- Required work: Could you retype the entries below exactly, omitting every picture?

Material for this task section start

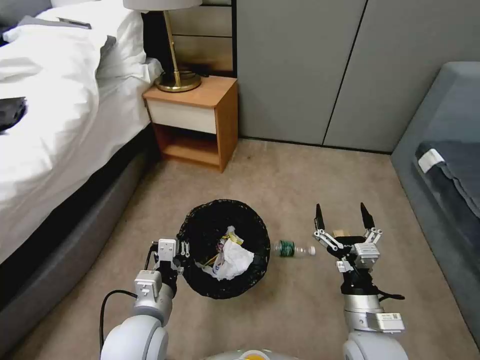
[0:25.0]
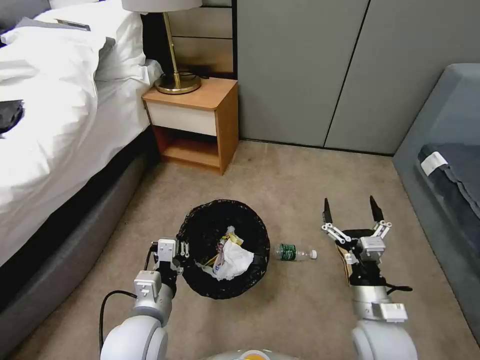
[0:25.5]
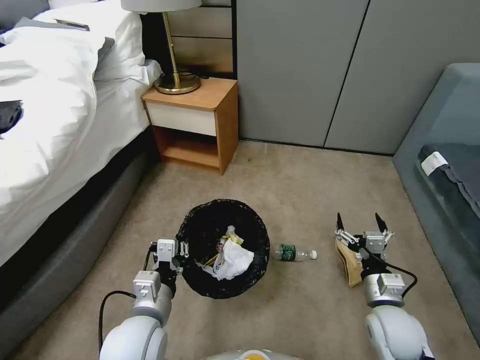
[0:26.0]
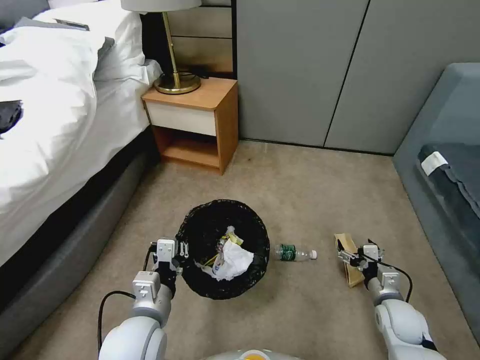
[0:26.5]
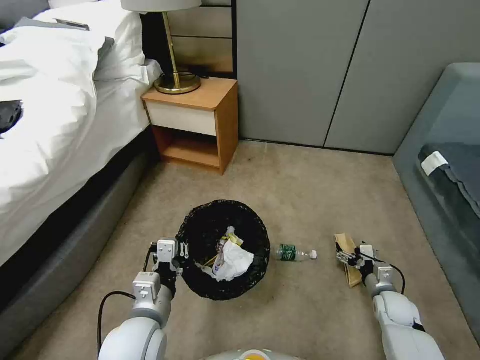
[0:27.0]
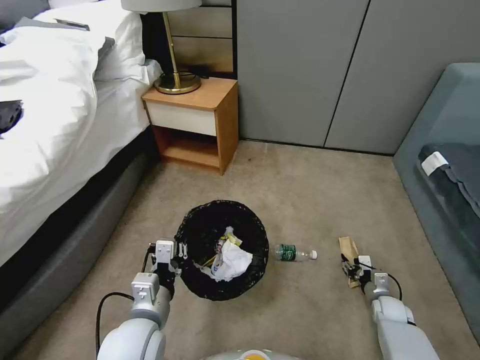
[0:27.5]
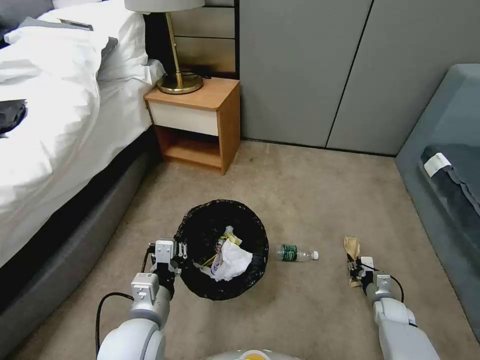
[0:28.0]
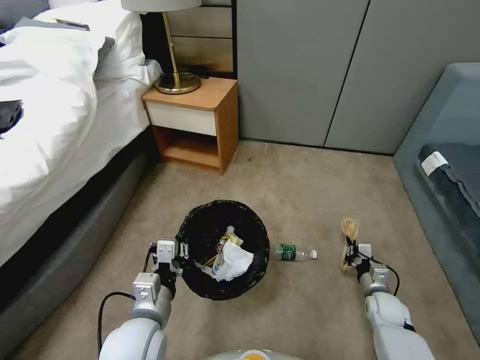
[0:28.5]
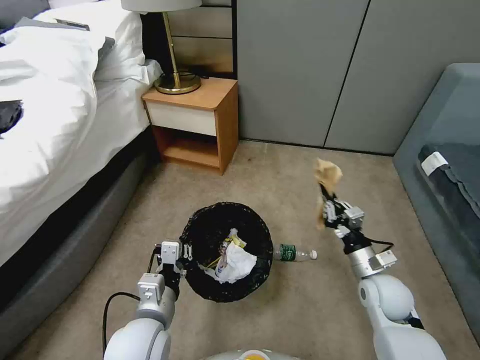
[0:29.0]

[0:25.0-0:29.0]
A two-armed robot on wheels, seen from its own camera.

Material for this task section end

- Written response:
[0:25.0]
[0:25.5]
[0:26.0]
[0:26.5]
[0:27.0]
[0:27.5]
[0:28.0]
[0:28.5]
[0:29.0]

[0:25.0-0:29.0]
A two-armed robot on wheels, seen from its own camera.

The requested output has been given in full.